Hospital de cruces, otros hospitales y la organizacion Tierra de Hombres devuelven la esperanza de vida a niños necesitados.

Ebi es un niño mauritano de cinco años que ha descubierto el placer de «correr por los pasillos de su casa» sin que su corazón se resienta. El pequeño sufría una cardiopatía imposible de tratar en su país de la que ya está «totalmente recuperado» tras ser intervenido en el hospital de Cruces gracias al programa de atenciones médicas especializadas llevado a cabo por la fundación Tierra de Hombres, dedicada a la defensa de los derechos de la infancia en situaciones de desamparo, guerra o catástrofes naturales.
 
Laetitia (12 años, Togo), Patrick (9 años, Madagascar), Augustine (8 años, Benin),Loubna (9 años, Marruecos) e Izidine (2 años, Togo) vivieron una experiencia similar a la de Ebi, que fue acogido durante tres meses por una pareja de Sestao para que su corazón pudiese volver a latir con fuerza.

La organización selecciona los casos en el continente africano «en función de la gravedad del niño, de la previsión de mejora a corto plazo y de las posibilidades de un correcto seguimiento a su regreso», mientras que el coordinador médico se encarga de elegir el equipo de especialistas más adecuado para cada patología entre todos los hospitales colaboradores.

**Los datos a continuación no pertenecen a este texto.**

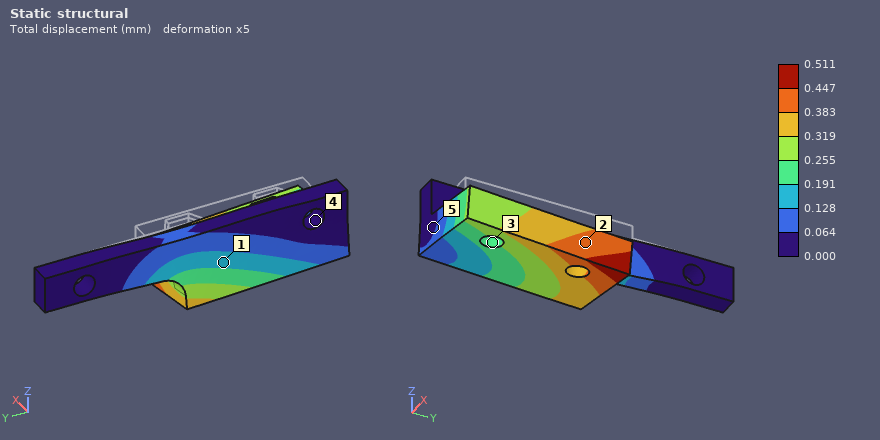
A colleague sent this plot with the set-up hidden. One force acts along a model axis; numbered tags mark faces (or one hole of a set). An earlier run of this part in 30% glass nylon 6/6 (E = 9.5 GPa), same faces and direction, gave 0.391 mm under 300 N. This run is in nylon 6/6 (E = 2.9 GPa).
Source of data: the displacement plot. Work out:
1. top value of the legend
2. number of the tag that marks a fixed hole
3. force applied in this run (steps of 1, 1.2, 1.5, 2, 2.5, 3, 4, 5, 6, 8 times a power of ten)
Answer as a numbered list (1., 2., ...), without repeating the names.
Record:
1. 0.511 mm
2. 4
3. 120 N
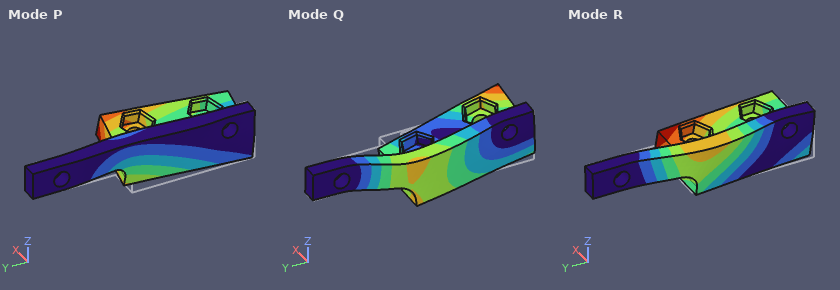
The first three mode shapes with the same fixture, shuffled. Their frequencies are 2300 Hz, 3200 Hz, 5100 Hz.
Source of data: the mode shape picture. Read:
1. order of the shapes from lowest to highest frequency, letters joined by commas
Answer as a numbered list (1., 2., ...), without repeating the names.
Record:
1. P, R, Q
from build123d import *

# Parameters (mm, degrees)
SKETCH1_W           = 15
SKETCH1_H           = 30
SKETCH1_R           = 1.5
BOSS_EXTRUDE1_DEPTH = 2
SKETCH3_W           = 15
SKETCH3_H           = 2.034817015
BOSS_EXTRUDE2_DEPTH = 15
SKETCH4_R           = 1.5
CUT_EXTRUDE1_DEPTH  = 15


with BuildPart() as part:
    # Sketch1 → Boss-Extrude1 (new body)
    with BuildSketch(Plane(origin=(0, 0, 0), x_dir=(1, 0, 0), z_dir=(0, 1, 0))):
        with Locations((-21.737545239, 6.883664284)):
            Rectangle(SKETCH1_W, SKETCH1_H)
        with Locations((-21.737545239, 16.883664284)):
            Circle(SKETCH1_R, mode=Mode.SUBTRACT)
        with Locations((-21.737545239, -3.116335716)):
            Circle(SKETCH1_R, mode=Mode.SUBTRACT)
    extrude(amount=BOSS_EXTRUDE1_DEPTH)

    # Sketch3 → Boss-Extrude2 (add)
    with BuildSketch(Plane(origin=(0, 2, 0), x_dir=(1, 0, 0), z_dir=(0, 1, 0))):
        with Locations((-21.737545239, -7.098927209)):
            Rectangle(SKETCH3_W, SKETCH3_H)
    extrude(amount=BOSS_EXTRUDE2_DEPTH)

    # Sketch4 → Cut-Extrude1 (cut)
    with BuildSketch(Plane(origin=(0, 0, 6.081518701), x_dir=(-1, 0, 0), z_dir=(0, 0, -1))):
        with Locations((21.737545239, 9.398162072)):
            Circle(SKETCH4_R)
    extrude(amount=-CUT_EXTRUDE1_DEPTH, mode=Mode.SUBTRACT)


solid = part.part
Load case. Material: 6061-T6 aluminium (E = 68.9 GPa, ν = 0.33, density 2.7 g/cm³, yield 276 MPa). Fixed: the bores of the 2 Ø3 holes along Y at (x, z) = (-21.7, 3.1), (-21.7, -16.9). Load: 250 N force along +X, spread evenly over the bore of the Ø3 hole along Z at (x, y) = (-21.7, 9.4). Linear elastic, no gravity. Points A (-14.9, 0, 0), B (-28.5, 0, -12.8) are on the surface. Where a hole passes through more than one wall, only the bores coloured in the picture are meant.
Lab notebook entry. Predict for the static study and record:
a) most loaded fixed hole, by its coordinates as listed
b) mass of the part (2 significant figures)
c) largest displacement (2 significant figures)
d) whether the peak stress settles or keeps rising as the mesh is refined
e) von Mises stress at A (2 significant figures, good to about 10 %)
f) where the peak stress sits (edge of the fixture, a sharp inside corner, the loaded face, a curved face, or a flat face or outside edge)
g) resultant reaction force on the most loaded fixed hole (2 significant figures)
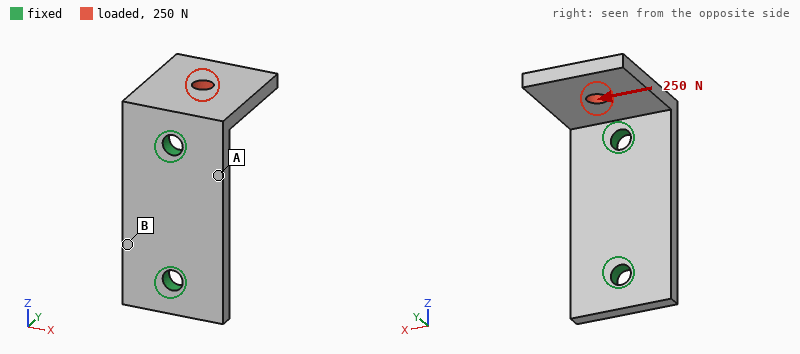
(-21.7, 3.1)
3.6 g
0.11 mm
keeps rising
45 MPa
edge of the fixture
280 N
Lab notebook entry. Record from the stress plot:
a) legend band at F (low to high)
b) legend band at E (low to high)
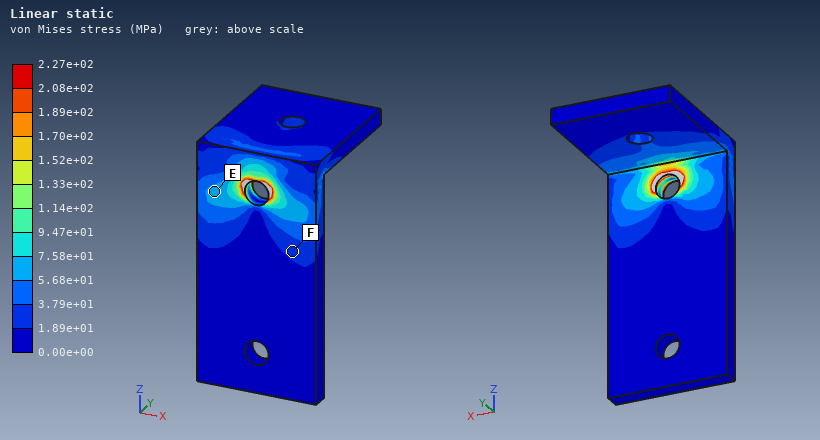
1.89e+01 to 3.79e+01 MPa
5.68e+01 to 7.58e+01 MPa
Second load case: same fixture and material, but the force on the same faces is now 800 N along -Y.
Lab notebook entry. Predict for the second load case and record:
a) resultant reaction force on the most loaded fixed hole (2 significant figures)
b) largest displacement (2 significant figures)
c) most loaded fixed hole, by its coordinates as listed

820 N
0.14 mm
(-21.7, 3.1)
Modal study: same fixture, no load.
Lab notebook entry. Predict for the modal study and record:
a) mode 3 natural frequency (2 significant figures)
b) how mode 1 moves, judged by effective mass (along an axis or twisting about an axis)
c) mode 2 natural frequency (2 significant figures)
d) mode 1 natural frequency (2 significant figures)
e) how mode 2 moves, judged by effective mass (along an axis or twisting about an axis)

14 kHz
along Z
8000 Hz
4900 Hz
along X
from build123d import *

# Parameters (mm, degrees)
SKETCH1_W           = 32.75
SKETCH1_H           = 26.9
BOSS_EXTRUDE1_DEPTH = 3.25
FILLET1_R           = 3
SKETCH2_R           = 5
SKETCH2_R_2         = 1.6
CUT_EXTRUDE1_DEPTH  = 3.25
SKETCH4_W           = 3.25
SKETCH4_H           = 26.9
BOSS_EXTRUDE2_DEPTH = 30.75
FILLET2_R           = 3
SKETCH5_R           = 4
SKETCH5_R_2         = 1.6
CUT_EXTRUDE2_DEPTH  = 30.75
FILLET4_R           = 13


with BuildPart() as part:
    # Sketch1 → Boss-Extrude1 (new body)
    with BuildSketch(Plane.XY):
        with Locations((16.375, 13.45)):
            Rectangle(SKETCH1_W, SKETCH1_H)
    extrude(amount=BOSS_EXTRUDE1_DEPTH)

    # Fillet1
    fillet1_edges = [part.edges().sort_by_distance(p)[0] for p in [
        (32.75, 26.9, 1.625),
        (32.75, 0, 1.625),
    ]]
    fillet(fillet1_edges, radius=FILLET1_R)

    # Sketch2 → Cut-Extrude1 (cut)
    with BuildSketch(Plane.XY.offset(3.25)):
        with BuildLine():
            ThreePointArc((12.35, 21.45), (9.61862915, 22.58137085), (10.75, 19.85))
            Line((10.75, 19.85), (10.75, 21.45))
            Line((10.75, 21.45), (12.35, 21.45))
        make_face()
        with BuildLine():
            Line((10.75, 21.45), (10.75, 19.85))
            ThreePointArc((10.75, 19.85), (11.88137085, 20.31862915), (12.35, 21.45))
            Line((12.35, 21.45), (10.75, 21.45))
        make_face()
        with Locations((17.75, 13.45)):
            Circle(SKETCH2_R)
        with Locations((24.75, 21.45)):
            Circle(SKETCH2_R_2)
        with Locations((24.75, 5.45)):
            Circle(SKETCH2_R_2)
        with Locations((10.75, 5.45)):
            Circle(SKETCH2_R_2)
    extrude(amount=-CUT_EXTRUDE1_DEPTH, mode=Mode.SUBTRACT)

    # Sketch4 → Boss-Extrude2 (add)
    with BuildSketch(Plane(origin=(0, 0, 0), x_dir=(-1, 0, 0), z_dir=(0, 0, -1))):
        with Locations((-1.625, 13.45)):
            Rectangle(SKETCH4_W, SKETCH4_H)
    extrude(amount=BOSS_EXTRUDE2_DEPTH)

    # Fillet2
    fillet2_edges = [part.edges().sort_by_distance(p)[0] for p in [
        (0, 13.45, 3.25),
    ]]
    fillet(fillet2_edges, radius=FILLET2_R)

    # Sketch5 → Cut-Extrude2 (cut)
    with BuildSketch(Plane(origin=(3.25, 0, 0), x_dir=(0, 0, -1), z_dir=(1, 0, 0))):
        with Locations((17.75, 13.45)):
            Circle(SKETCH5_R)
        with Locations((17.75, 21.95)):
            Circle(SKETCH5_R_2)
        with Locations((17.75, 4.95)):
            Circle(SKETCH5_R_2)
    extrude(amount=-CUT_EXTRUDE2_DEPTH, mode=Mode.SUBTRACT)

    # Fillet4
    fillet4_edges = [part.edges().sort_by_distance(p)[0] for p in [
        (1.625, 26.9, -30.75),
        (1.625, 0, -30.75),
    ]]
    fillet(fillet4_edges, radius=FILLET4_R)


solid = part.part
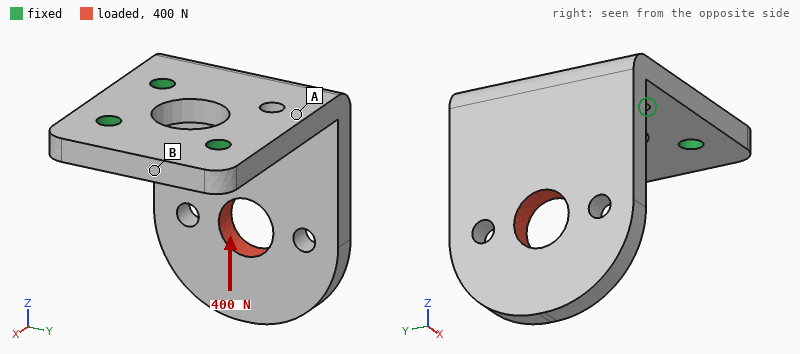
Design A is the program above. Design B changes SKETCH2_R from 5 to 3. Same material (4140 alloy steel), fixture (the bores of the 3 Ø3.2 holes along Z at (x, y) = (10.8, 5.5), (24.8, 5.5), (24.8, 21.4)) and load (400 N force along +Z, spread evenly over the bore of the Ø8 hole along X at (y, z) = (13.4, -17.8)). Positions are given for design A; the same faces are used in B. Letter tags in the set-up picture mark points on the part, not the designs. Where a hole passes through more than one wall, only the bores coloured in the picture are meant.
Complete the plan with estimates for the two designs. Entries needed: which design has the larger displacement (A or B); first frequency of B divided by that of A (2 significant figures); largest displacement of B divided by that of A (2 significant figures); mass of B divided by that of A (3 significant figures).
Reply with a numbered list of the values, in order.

1. A
2. 1.0
3. 0.92
4. 1.03
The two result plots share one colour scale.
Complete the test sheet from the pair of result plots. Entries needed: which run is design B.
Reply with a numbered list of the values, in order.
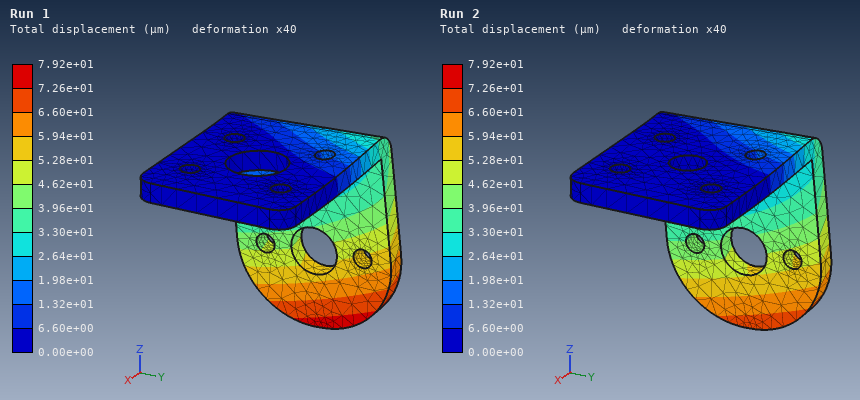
1. Run 2
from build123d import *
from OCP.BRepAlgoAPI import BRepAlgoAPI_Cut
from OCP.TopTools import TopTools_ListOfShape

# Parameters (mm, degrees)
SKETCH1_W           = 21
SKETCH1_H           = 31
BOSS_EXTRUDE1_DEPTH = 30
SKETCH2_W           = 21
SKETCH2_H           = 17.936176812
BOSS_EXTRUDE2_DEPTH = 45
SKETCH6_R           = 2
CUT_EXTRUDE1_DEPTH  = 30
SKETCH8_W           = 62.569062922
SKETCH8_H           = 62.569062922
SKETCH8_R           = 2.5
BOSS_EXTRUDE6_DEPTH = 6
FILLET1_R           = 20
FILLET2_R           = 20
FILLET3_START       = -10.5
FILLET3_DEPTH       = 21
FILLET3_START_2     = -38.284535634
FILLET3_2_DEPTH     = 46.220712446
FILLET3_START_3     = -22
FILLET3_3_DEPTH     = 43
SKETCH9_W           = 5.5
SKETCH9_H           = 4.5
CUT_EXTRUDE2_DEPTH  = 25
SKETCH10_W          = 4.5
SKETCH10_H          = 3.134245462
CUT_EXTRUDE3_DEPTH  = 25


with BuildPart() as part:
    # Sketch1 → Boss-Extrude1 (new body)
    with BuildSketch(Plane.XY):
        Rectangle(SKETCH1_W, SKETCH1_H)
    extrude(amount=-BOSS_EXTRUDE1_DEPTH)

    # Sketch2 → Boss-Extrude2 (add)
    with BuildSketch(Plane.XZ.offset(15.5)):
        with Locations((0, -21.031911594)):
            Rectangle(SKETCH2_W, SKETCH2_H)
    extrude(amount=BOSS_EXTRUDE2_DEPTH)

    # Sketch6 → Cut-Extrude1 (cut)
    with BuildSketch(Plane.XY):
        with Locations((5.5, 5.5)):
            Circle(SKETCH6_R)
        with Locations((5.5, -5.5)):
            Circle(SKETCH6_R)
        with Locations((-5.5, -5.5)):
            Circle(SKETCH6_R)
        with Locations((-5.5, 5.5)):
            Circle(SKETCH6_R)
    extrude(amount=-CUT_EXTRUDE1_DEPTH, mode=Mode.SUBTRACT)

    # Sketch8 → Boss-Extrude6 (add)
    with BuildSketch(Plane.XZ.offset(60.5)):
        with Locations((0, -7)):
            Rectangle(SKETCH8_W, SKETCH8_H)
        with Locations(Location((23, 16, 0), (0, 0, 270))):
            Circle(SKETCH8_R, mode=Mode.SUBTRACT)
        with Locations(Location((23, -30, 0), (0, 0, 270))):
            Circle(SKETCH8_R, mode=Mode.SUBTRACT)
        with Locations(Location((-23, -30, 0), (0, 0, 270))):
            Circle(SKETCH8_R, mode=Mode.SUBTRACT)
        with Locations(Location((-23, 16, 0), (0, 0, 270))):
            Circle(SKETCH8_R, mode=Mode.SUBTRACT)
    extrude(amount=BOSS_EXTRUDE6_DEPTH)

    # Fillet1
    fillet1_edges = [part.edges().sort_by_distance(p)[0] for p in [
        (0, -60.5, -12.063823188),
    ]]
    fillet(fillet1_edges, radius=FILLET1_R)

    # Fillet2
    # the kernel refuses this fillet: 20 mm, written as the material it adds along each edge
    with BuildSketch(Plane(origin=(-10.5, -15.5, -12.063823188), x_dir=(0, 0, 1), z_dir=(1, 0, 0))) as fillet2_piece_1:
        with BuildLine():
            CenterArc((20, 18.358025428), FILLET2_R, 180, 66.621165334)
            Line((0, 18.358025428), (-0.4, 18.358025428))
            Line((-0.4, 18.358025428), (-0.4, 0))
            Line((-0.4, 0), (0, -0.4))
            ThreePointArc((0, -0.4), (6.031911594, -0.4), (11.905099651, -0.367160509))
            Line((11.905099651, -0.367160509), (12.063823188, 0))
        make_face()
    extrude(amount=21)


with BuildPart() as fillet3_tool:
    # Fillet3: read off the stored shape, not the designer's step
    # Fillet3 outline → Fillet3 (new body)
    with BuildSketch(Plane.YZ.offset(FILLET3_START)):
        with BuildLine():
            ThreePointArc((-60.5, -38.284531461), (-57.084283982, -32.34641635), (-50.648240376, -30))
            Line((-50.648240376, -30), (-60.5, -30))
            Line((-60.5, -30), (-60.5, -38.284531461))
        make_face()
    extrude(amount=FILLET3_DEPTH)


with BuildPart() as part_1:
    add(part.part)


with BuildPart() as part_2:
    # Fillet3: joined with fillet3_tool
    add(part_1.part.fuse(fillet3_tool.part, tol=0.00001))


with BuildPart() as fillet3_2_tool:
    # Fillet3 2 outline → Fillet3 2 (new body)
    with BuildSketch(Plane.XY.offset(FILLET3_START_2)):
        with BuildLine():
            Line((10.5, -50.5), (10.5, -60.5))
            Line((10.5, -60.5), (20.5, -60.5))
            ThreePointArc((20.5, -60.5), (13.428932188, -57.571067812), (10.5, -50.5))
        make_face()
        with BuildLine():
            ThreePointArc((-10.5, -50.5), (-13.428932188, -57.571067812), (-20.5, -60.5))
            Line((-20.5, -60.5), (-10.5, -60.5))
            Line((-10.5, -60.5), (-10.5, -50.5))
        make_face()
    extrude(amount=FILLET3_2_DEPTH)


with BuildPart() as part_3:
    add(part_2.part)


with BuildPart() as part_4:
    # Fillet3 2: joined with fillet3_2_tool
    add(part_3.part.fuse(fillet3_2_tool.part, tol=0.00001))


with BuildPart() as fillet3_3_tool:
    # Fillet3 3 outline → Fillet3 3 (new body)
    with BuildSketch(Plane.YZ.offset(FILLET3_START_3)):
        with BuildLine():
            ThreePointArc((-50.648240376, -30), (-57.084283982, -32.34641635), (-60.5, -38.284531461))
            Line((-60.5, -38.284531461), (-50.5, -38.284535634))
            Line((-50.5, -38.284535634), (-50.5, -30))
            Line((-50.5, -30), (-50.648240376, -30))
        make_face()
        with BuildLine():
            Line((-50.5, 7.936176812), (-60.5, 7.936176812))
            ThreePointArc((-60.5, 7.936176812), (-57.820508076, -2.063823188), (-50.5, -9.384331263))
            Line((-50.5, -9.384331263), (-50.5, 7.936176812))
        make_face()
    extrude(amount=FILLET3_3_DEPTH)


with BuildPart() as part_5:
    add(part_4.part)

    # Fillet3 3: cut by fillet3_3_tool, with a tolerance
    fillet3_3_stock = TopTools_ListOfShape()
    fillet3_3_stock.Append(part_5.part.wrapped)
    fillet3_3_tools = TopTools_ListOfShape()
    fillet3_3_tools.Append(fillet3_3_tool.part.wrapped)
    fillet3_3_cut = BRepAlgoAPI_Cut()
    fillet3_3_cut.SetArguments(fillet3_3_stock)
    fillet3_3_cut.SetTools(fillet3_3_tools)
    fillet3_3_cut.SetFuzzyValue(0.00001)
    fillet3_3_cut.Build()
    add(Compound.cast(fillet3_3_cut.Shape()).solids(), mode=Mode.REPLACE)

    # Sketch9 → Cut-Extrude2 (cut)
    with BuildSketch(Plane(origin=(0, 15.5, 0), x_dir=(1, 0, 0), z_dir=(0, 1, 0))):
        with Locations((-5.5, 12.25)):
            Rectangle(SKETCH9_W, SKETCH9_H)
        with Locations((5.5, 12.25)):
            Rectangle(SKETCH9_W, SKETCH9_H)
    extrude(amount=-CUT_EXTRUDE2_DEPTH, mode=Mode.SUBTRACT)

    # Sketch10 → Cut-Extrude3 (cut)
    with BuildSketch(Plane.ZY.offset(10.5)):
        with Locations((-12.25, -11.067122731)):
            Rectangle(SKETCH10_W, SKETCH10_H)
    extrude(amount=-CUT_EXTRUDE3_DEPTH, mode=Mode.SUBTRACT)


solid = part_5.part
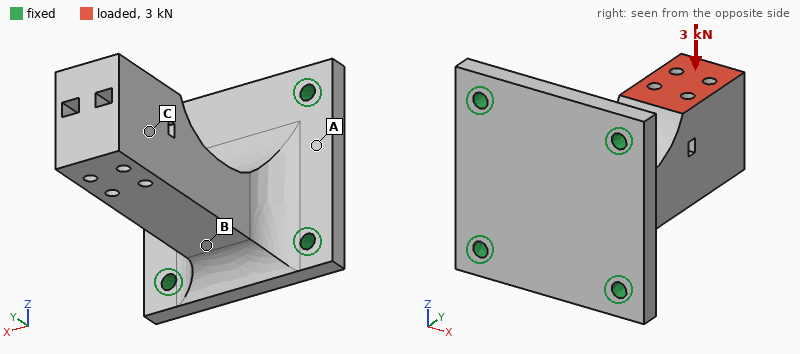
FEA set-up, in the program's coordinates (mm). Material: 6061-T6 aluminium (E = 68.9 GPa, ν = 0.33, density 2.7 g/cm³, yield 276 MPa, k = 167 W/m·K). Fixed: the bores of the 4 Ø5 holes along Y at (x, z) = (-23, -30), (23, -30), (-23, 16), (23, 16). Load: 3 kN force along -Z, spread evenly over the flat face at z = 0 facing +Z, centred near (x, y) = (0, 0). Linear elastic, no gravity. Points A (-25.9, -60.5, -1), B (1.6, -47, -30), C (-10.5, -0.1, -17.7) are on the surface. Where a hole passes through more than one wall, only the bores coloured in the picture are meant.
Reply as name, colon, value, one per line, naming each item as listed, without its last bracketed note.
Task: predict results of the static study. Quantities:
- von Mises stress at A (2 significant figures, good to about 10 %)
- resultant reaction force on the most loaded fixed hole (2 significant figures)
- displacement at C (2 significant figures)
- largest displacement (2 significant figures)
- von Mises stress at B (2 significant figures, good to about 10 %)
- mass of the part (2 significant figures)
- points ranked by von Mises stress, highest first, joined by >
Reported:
von Mises stress at A: 41 MPa
resultant reaction force on the most loaded fixed hole: 2.5 kN
displacement at C: 0.44 mm
largest displacement: 0.61 mm
von Mises stress at B: 100 MPa
mass of the part: 170 g
points ranked by von Mises stress, highest first, joined by >: B > A > C
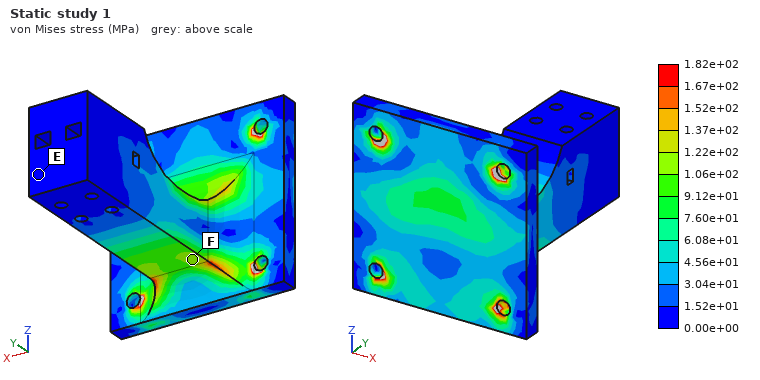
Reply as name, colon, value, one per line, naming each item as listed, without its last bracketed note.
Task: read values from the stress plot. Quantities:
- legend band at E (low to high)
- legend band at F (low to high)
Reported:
legend band at E: 0.00e+00 to 1.52e+01 MPa
legend band at F: 1.06e+02 to 1.22e+02 MPa
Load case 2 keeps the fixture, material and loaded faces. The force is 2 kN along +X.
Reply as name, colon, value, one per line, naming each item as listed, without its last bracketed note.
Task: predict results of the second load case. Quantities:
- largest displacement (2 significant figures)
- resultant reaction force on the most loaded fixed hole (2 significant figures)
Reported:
largest displacement: 0.36 mm
resultant reaction force on the most loaded fixed hole: 2.9 kN
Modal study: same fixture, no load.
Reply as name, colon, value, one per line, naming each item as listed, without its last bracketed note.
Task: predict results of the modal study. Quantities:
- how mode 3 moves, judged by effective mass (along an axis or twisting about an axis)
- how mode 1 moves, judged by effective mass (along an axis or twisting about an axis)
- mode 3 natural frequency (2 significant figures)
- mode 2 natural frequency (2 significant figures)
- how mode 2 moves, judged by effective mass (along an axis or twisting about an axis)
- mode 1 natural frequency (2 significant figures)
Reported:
how mode 3 moves, judged by effective mass: along Y
how mode 1 moves, judged by effective mass: along Z
mode 3 natural frequency: 6600 Hz
mode 2 natural frequency: 2100 Hz
how mode 2 moves, judged by effective mass: along X
mode 1 natural frequency: 1700 Hz
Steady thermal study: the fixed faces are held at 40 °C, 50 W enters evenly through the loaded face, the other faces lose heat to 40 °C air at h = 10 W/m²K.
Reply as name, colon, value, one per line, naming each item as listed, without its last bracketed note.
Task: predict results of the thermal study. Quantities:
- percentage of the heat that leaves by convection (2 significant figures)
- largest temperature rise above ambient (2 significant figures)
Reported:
percentage of the heat that leaves by convection: 7.6 %
largest temperature rise above ambient: 55 K
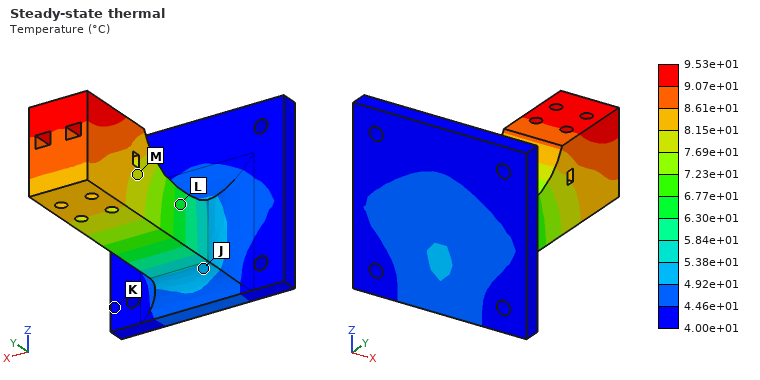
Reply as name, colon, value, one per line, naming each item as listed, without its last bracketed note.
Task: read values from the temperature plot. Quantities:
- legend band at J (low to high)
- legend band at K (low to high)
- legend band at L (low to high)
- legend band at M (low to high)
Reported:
legend band at J: 4.92e+01 to 5.38e+01 °C
legend band at K: 4.00e+01 to 4.46e+01 °C
legend band at L: 6.30e+01 to 6.77e+01 °C
legend band at M: 7.69e+01 to 8.15e+01 °C

FATIMETU (6 AÑOS, MAURITANIA)

Enferma del corazón

«Ya no me desmayo cuando corro»
Fatimetu es «pura vida». Habla por los codos y no para quieta un minuto.
Nada que ver con la niña de apenas quince kilos que llegó al aeropuerto de Loiu hace casi un año aquejada de un problema de corazón. «Le tuvimos que comprar una silla de ruedas porque la pobre no podía dar cuatro pasos seguidos.
Se desmayaba», recuerda su familia de acogida. Fati se sometió a la primera operación el pasado mes de octubre en el hospital de Cruces.
El pronóstico de la pequeña era complicado, pero el equipo del doctor Aramendi obró el milagro.

Una segunda intervención en marzo «devolvía la vida» a una niña que es un
«regalo del cielo» para su «amatxu» de Algorta. A Maite Serrano y a su hija Vanesa se les cae la baba con su «bombón de chocolate». «Poder ayudar a niños como Fatimetu es un lujo», aseguran.

La pequeña se ha integrado en la familia «sin ningún problema».
«Cuando llegó se pasaba horas encendiendo y apagando las luces.
Alucinaba con todo. Guardaba la comida porque creía que se iba a acabar y no sabía andar con zapatos...

Nos ha enseñado a ver la vida a través de sus ojos», explica Vanesa, mientras la pequeña la somete a una sesión de fotos con su cámara digital.
«Es una niña muy fuerte. Lo ha pasado realmente mal y jamás se ha quejado.
Al contrario. Es muy consciente de que ha venido a curarse y que va a regresar a su país.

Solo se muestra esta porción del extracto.